9/13/2023

Patcher Part 1

I will descibe in this series the patcher that I wrote which is able to find "perfect" patches at full IO-bound speed; eg. 5 GB/s on current gen SSD's. (more on what "perfect" means exactly later). I wanted to sanity check some of the patch sizes I was seeing from other sources, so I wanted my own reference results to know what was possible. At first I didn't care about speed, I just wanted correct patch sizes to have a known ideal patch size to check against, but working on our huge data sets it became a practical necessity to have reasonable speed, and then I became curious if fully IO bound speed was possible, and in fact it is. That is, all CPU work required for patch generation can be run in parallel with IO such that the critical path is at full IO speed.

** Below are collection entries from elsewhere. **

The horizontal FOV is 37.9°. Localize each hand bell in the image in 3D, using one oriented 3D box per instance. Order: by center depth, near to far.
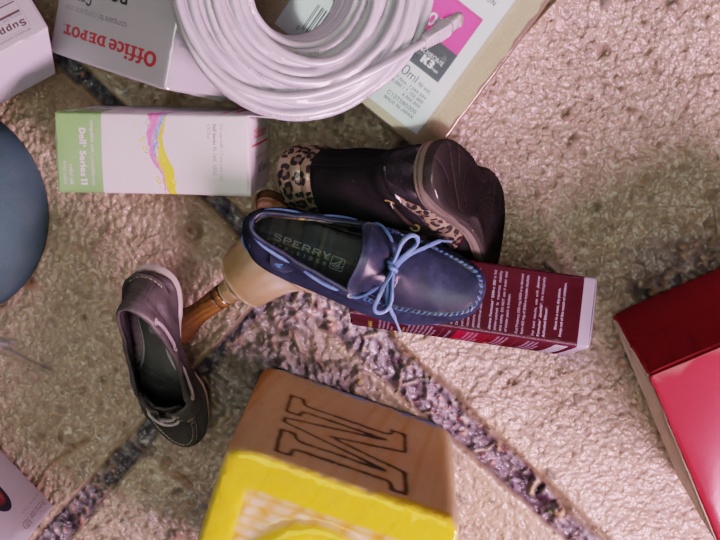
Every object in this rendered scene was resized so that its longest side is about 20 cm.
[{"bbox_3d":[-0.129,0.028,0.936,0.199,0.104,0.104,-36,98,22],"label":"hand bell"}]

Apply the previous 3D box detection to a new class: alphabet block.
[{"bbox_3d":[-0.034,0.227,0.904,0.194,0.200,0.198,17,102,-1],"label":"alphabet block"}]

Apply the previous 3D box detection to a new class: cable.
[{"bbox_3d":[-0.044,-0.213,0.768,0.199,0.069,0.201,-39,115,-5],"label":"cable"}]

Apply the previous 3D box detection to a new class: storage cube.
[{"bbox_3d":[0.335,0.098,0.874,0.178,0.171,0.202,-24,101,9],"label":"storage cube"}]

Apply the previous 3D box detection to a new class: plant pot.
[{"bbox_3d":[-0.385,-0.042,0.896,0.197,0.135,0.203,0,102,2],"label":"plant pot"}]

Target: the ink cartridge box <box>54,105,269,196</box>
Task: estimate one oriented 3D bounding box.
[{"bbox_3d":[-0.141,-0.101,0.880,0.197,0.117,0.068,1,101,3],"label":"ink cartridge box"}]

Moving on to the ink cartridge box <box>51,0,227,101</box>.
[{"bbox_3d":[-0.158,-0.251,0.837,0.144,0.083,0.202,21,105,32],"label":"ink cartridge box"}]

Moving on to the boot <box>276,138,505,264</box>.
[{"bbox_3d":[0.033,-0.055,0.876,0.149,0.200,0.074,4,78,25],"label":"boot"}]

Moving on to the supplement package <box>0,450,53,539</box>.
[{"bbox_3d":[-0.417,0.219,0.924,0.147,0.191,0.200,-40,98,11],"label":"supplement package"}]

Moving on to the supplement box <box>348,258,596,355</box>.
[{"bbox_3d":[0.091,0.027,0.897,0.197,0.109,0.062,8,82,1],"label":"supplement box"}]

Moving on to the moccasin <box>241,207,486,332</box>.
[{"bbox_3d":[0.000,0.000,0.812,0.197,0.068,0.082,10,81,2],"label":"moccasin"}]

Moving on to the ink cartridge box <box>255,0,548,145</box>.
[{"bbox_3d":[0.030,-0.218,0.869,0.199,0.075,0.165,36,103,-4],"label":"ink cartridge box"}]

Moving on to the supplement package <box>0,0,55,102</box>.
[{"bbox_3d":[-0.344,-0.233,0.835,0.113,0.109,0.201,-31,90,-15],"label":"supplement package"}]

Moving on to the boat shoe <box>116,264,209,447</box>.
[{"bbox_3d":[-0.179,0.090,0.922,0.066,0.057,0.202,5,126,15],"label":"boat shoe"}]

This proves that any claim that poor patch generators have to approximate in order to be efficient is not true, you can in fact generate "perfect" patches at the maximum possible speed.

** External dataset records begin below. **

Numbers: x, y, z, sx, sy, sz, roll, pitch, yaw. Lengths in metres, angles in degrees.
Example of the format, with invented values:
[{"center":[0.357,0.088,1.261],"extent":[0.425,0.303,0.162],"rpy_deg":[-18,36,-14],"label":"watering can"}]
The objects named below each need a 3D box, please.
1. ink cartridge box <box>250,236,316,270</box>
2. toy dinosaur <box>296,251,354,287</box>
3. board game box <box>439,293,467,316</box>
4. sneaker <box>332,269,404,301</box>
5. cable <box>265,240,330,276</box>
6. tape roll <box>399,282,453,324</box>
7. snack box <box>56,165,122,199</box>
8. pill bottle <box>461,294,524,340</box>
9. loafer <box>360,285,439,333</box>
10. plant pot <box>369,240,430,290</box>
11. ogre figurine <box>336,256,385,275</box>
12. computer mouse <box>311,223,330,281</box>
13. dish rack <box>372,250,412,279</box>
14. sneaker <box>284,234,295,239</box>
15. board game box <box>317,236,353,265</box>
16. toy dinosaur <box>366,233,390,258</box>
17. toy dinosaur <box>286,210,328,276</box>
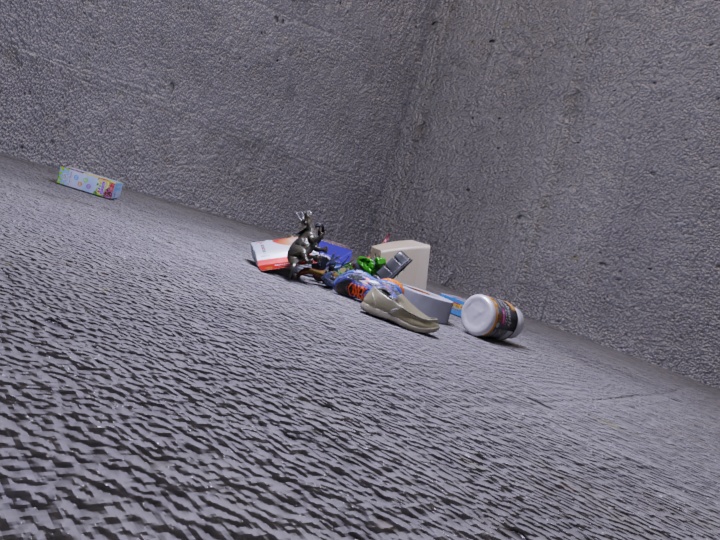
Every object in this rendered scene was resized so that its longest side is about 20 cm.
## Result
[{"center":[-0.217,-0.050,1.618],"extent":[0.157,0.052,0.200],"rpy_deg":[-8,12,-16],"label":"ink cartridge box"},{"center":[-0.079,0.007,1.673],"extent":[0.193,0.109,0.182],"rpy_deg":[7,-15,-2],"label":"toy dinosaur"},{"center":[0.406,0.147,2.145],"extent":[0.192,0.058,0.198],"rpy_deg":[20,4,30],"label":"board game box"},{"center":[0.019,0.052,1.554],"extent":[0.193,0.078,0.079],"rpy_deg":[7,28,6],"label":"sneaker"},{"center":[-0.210,-0.040,1.826],"extent":[0.195,0.071,0.199],"rpy_deg":[19,5,17],"label":"cable"},{"center":[0.175,0.095,1.733],"extent":[0.194,0.068,0.200],"rpy_deg":[18,5,-1],"label":"tape roll"},{"center":[-1.017,-0.331,2.200],"extent":[0.194,0.070,0.169],"rpy_deg":[18,4,-14],"label":"snack box"},{"center":[0.389,0.140,1.696],"extent":[0.197,0.120,0.115],"rpy_deg":[13,5,-45],"label":"pill bottle"},{"center":[0.097,0.092,1.368],"extent":[0.194,0.070,0.076],"rpy_deg":[18,4,6],"label":"loafer"},{"center":[0.127,-0.004,2.095],"extent":[0.171,0.207,0.199],"rpy_deg":[3,8,-15],"label":"plant pot"},{"center":[0.000,0.000,1.912],"extent":[0.100,0.197,0.120],"rpy_deg":[63,12,21],"label":"ogre figurine"},{"center":[-0.117,-0.044,1.656],"extent":[0.056,0.204,0.035],"rpy_deg":[-2,40,0],"label":"computer mouse"},{"center":[0.082,0.016,1.789],"extent":[0.055,0.153,0.200],"rpy_deg":[48,-8,7],"label":"dish rack"},{"center":[-0.260,-0.082,2.008],"extent":[0.066,0.093,0.198],"rpy_deg":[20,4,30],"label":"sneaker"},{"center":[-0.124,-0.067,2.391],"extent":[0.155,0.100,0.200],"rpy_deg":[17,4,-10],"label":"board game box"},{"center":[0.037,-0.038,2.267],"extent":[0.178,0.207,0.104],"rpy_deg":[2,-14,-41],"label":"toy dinosaur"},{"center":[-0.151,-0.057,1.548],"extent":[0.099,0.204,0.077],"rpy_deg":[9,-27,27],"label":"toy dinosaur"}]

Part 1 will cover some background and context.

First of all, what do I mean by a "patcher" here?

Given a previous version of a data set, and a new version of data set, generate a patch file which can be applied to the old version to generate the new version.

The data set may either be a single file, or a set of a files. The patch may be either one file at a time, or refering to the entire previous set. I will often talk about patching from an "old file" to a "new file", but I mean more generally a set of files or other data.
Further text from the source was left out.